Tuesday 1 January 2013

ROBIN HOOD

(Ridley Scott, 2010)

While there is an unmistakeable whiff of something very much like contractual obligation about Robin Hood, that does not mean it is without its pleasures. It is that rare beast, a Summer Blockbuster aimed mostly at grown-ups. As such its extremely wordy - the machinations detailed in the opening act in order to set up the plot are nothing if not torturous, as Dukes plot with Kings who betray Barons and double-cross cousins against the backdrop of Anglo-French tension, political infighting and taxation disputes. All this happens while we are still getting to know the principals, Robin Longstride, a Northern Archer campaigning in France with King Richard the Lionheart (Danny Huston, tearing lumps of ham off with his bare hands) , and Marion Locksley (Cate Blanchett), an independent war widow who runs the lands owned by her infirm father-in-law (Max Von Sydow). They eventually meet after much complication, and finally Robin learns who he is and what his destiny must be. Strangely, considering its title, this is not really a "Robin Hood" film.
It ends just as Robin and his Merry (more bawdy, in this case) Men become outlaws, pursued by the Sheriff of Nottingham (an underused Matthew MacFadyen) and enemy to King John (Oscar Isaac, terrifically loathsome throughout) and living at one with nature in Sherwood Forest.
Before that it feels almost as if Scott and screenwriter Brian Helgeland had in mind a different story altogether, and decided to link it with the Robin Hood legend just because they could.
The Robin Hood film it most resembles is Robin and Marian, Richard Lester's superb 1976 elegy for youth, love and heroism lost. That comparison does this film no favours, but it does borrow some of the gritty textures and much of the material with Richard Lionheart in France. Bizarrely it yokes all that to a plot centred around the Magna carta, recasting Robin as a more outright freedom fighter than most narratives do, and throwing in a massive battle on a beach for its climax.
Despite being about 45 minutes too long, it just about works. Scott understands this sort of Epic filmmaking, and nobody visualises it quite like him - this is a film full of casually beautiful shots and sequences, and cinematographer John Mathieson does some staggering work. There are battles and banquets, hissable villains aplenty and dashing heroism, and an incredibly classy cast in even the smallest roles, from Mark Strong as the main villain to William Hurt as a sympathetic court advisor.
But this sort of thing really rests upon the leads; and Crowe and Blanchett make an extremely convincing and likeable couple. Crowe can do this sort of macho hero role in his sleep, and though his accent is all over the British Isles, he is one of the only movie stars we have who has true star quality and actual acting ability, and he combines them here.
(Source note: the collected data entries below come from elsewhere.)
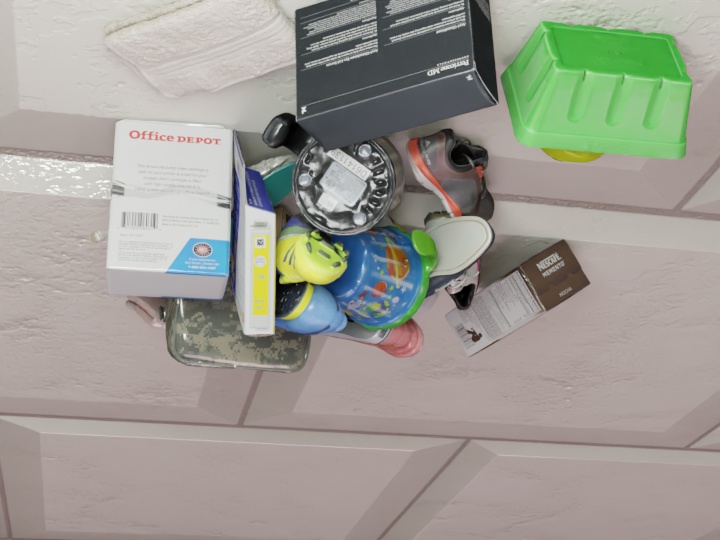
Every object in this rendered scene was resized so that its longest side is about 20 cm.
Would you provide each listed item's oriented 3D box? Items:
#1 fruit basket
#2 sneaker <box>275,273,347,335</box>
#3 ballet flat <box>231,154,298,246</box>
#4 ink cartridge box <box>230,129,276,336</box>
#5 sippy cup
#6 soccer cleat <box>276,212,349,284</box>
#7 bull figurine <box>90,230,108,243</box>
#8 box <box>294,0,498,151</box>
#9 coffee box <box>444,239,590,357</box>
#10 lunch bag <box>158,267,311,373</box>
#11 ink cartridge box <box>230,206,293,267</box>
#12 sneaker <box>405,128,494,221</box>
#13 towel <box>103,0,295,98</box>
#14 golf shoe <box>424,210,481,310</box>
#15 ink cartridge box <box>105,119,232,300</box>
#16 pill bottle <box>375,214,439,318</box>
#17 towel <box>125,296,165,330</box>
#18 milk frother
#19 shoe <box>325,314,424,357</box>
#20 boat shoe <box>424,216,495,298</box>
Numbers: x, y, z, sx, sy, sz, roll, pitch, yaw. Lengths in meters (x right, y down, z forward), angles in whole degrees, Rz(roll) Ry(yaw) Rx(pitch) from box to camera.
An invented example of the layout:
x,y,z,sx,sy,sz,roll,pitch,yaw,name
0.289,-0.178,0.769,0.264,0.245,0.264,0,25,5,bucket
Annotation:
x,y,z,sx,sy,sz,roll,pitch,yaw,name
0.258,-0.176,1.389,0.214,0.156,0.216,-3,136,-3,fruit basket
-0.075,0.051,1.493,0.078,0.066,0.200,32,170,-20,sneaker
-0.159,-0.093,1.586,0.200,0.072,0.072,-43,140,13,ballet flat
-0.129,-0.051,1.454,0.047,0.201,0.198,1,-162,-10,ink cartridge box
0.000,0.000,1.548,0.178,0.140,0.130,-56,148,10,sippy cup
-0.062,-0.010,1.387,0.065,0.200,0.084,32,99,-15,soccer cleat
-0.287,-0.057,1.653,0.121,0.065,0.200,-17,162,-46,bull figurine
0.035,-0.223,1.268,0.199,0.142,0.079,-12,151,22,box
0.234,0.044,1.831,0.113,0.080,0.200,-26,172,-38,coffee box
-0.174,0.065,1.674,0.199,0.140,0.168,4,177,-13,lunch bag
-0.160,-0.007,1.766,0.199,0.076,0.165,-12,150,22,ink cartridge box
0.137,-0.119,1.561,0.082,0.077,0.200,-26,149,22,sneaker
-0.169,-0.249,1.327,0.199,0.035,0.132,-14,151,24,towel
0.139,-0.017,1.743,0.072,0.093,0.200,-7,152,14,golf shoe
-0.233,-0.074,1.489,0.145,0.201,0.084,4,156,-9,ink cartridge box
0.035,-0.006,1.733,0.112,0.113,0.200,-14,150,24,pill bottle
-0.250,0.079,1.874,0.199,0.032,0.191,13,-176,-26,towel
0.003,-0.157,1.424,0.200,0.181,0.188,-38,-177,9,milk frother
0.001,0.074,1.699,0.091,0.072,0.200,28,172,-37,shoe
0.104,-0.008,1.601,0.200,0.075,0.062,-38,152,31,boat shoe
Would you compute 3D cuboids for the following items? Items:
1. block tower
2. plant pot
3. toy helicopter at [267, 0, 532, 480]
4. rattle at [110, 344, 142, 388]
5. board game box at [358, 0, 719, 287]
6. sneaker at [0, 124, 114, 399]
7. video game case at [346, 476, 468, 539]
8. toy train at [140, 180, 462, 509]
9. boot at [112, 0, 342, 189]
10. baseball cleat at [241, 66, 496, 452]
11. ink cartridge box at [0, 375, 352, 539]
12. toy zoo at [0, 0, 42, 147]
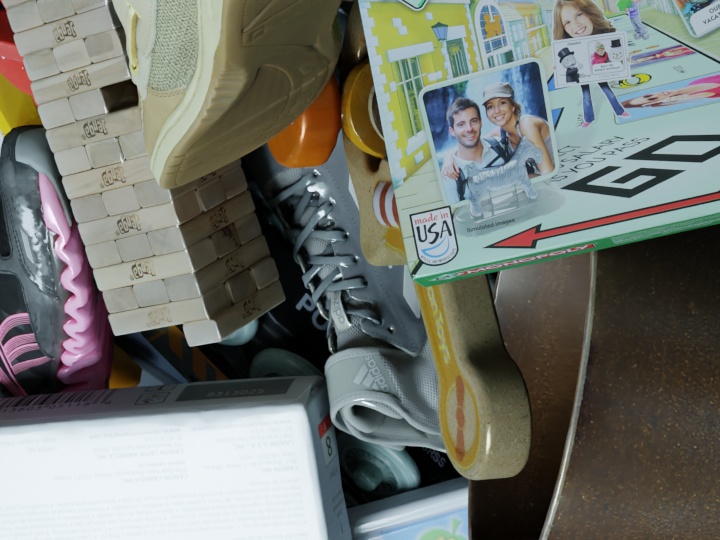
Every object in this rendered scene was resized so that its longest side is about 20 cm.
[{"bbox_3d":[-0.094,-0.069,0.817,0.057,0.054,0.201,-11,103,35],"label":"block tower"},{"bbox_3d":[0.158,0.052,0.770,0.198,0.188,0.188,9,137,-7],"label":"plant pot"},{"bbox_3d":[0.033,-0.022,0.749,0.078,0.201,0.132,-5,158,-24],"label":"toy helicopter"},{"bbox_3d":[-0.201,-0.024,0.985,0.142,0.130,0.202,-1,102,18],"label":"rattle"},{"bbox_3d":[0.101,-0.081,0.666,0.198,0.029,0.136,-13,82,11],"label":"board game box"},{"bbox_3d":[-0.158,0.011,0.893,0.095,0.079,0.201,5,141,-2],"label":"sneaker"},{"bbox_3d":[0.049,0.184,0.909,0.199,0.022,0.183,-17,104,12],"label":"video game case"},{"bbox_3d":[-0.032,0.043,0.936,0.200,0.085,0.114,45,146,-12],"label":"toy train"},{"bbox_3d":[-0.076,-0.127,0.713,0.156,0.073,0.200,54,161,12],"label":"boot"},{"bbox_3d":[0.000,0.000,0.855,0.200,0.107,0.070,45,141,-10],"label":"baseball cleat"},{"bbox_3d":[-0.081,0.150,0.889,0.161,0.050,0.202,-5,107,12],"label":"ink cartridge box"},{"bbox_3d":[-0.177,-0.112,0.889,0.131,0.020,0.201,17,143,40],"label":"toy zoo"}]
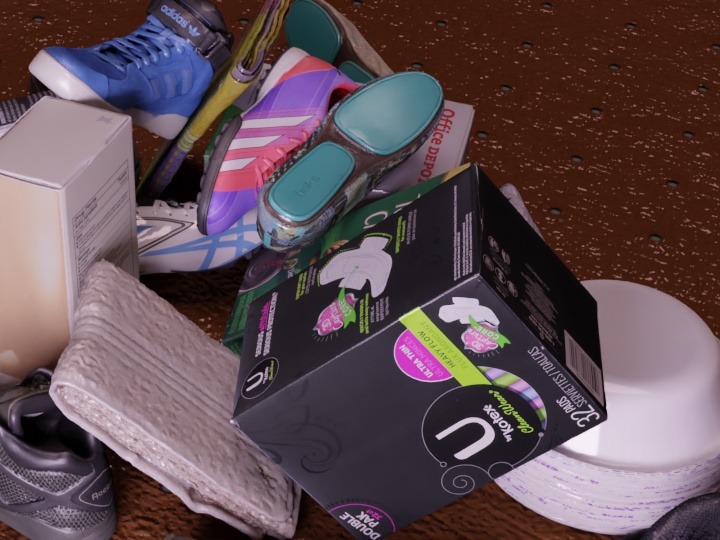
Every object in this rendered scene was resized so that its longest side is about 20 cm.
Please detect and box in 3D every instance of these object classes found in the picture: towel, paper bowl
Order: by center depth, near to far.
[{"bbox_3d":[-0.116,0.090,1.203,0.200,0.034,0.133,39,31,-22],"label":"towel"},{"bbox_3d":[0.180,0.084,1.286,0.200,0.105,0.201,4,37,-3],"label":"paper bowl"},{"bbox_3d":[-0.124,-0.125,1.444,0.023,0.200,0.144,33,34,-11],"label":"towel"}]

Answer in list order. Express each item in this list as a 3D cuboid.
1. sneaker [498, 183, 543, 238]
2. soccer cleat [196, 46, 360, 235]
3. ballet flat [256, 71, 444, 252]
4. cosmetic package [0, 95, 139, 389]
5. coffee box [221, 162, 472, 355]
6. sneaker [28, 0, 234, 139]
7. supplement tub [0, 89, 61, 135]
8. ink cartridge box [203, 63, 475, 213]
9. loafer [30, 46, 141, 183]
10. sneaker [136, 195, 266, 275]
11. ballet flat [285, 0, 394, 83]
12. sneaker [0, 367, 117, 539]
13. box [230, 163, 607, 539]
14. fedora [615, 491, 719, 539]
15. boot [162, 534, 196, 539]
[{"bbox_3d":[0.087,-0.006,1.400,0.115,0.075,0.200,-28,7,6],"label":"sneaker"},{"bbox_3d":[-0.063,-0.095,1.383,0.073,0.068,0.200,22,48,8],"label":"soccer cleat"},{"bbox_3d":[-0.012,-0.082,1.373,0.074,0.074,0.200,31,52,28],"label":"ballet flat"},{"bbox_3d":[-0.208,-0.008,1.255,0.071,0.201,0.105,15,37,16],"label":"cosmetic package"},{"bbox_3d":[0.000,0.000,1.326,0.199,0.044,0.123,-21,29,24],"label":"coffee box"},{"bbox_3d":[-0.159,-0.163,1.323,0.077,0.111,0.200,40,11,19],"label":"sneaker"},{"bbox_3d":[-0.285,-0.074,1.399,0.199,0.107,0.107,-16,42,-11],"label":"supplement tub"},{"bbox_3d":[-0.017,-0.085,1.486,0.199,0.084,0.146,12,39,7],"label":"ink cartridge box"},{"bbox_3d":[-0.233,-0.147,1.548,0.072,0.063,0.200,-12,41,-23],"label":"loafer"},{"bbox_3d":[-0.149,-0.031,1.385,0.199,0.073,0.072,-14,17,-15],"label":"sneaker"},{"bbox_3d":[-0.006,-0.180,1.647,0.062,0.068,0.200,14,31,-41],"label":"ballet flat"},{"bbox_3d":[-0.249,0.103,1.181,0.199,0.115,0.076,20,37,19],"label":"sneaker"},{"bbox_3d":[0.038,0.059,1.183,0.200,0.149,0.125,-31,30,24],"label":"box"},{"bbox_3d":[0.241,0.202,1.147,0.200,0.092,0.201,5,38,-4],"label":"fedora"},{"bbox_3d":[-0.044,0.234,1.078,0.199,0.073,0.182,16,24,0],"label":"boot"}]
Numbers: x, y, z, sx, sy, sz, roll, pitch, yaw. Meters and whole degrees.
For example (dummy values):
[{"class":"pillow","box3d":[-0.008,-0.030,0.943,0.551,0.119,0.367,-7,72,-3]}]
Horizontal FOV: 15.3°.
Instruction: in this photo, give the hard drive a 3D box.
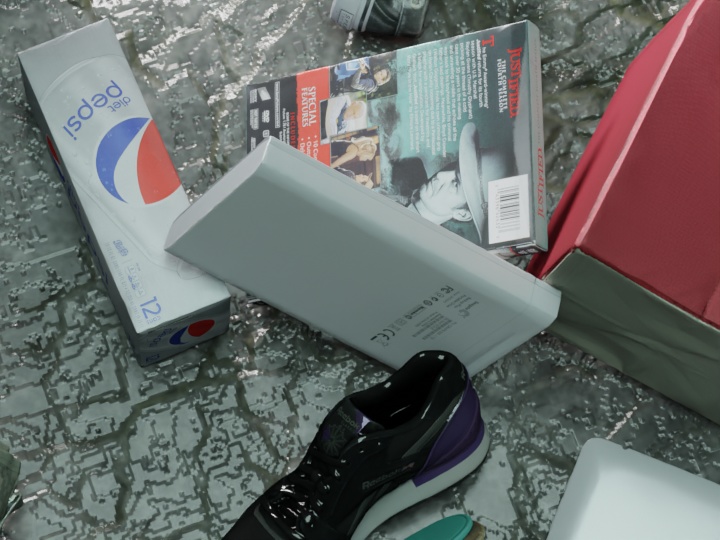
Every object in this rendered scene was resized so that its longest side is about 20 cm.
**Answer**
[{"class":"hard drive","box3d":[0.000,0.000,1.570,0.199,0.132,0.027,27,57,-18]}]

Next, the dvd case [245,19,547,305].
[{"class":"dvd case","box3d":[0.019,-0.064,1.636,0.199,0.022,0.147,-12,68,28]}]

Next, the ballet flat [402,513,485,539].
[{"class":"ballet flat","box3d":[-0.004,0.218,1.576,0.199,0.070,0.066,-30,102,-9]}]

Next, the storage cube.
[{"class":"storage cube","box3d":[0.215,-0.029,1.592,0.170,0.200,0.180,29,73,-3]}]

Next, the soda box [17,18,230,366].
[{"class":"soda box","box3d":[-0.145,-0.048,1.650,0.063,0.068,0.201,-21,73,-10]}]

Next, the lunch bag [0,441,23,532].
[{"class":"lunch bag","box3d":[-0.308,0.152,1.550,0.199,0.118,0.165,19,70,-2]}]

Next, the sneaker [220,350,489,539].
[{"class":"sneaker","box3d":[-0.017,0.117,1.579,0.200,0.088,0.076,-37,51,-17]}]

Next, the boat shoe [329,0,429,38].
[{"class":"boat shoe","box3d":[0.038,-0.241,1.732,0.071,0.072,0.201,18,81,-6]}]

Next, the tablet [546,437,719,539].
[{"class":"tablet","box3d":[0.161,0.211,1.604,0.129,0.014,0.201,22,71,5]}]
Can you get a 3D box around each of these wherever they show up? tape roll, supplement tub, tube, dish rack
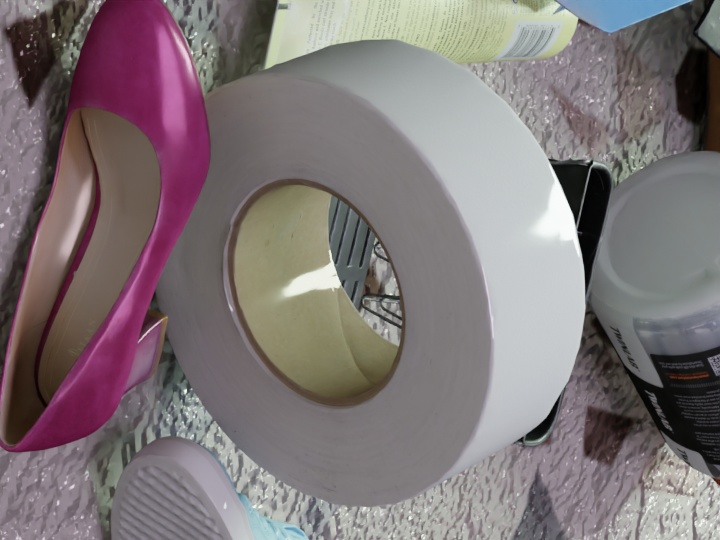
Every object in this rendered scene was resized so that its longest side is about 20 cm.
[{"bbox_3d":[0.000,0.000,1.337,0.071,0.202,0.203,-24,122,-45],"label":"tape roll"},{"bbox_3d":[0.207,0.037,1.683,0.123,0.122,0.200,-56,140,-22],"label":"supplement tub"},{"bbox_3d":[0.026,-0.128,1.451,0.200,0.052,0.058,-7,73,-49],"label":"tube"},{"bbox_3d":[0.040,0.008,1.513,0.200,0.054,0.154,6,98,-53],"label":"dish rack"}]

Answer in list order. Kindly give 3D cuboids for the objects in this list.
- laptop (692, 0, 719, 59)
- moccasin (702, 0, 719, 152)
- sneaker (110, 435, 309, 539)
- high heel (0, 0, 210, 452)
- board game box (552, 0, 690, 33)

He and Blanchett - that rarity, a leading lady around his age - have significant chemistry, and she is just as powerful and commanding as he is.
Even when all the mayhem around them is clattering awkwardly along,  an obviously impersonal corporate product and something of a mess from a director capable of so much more, the leads keep the focus intimate and real, and the film benefits massively from that.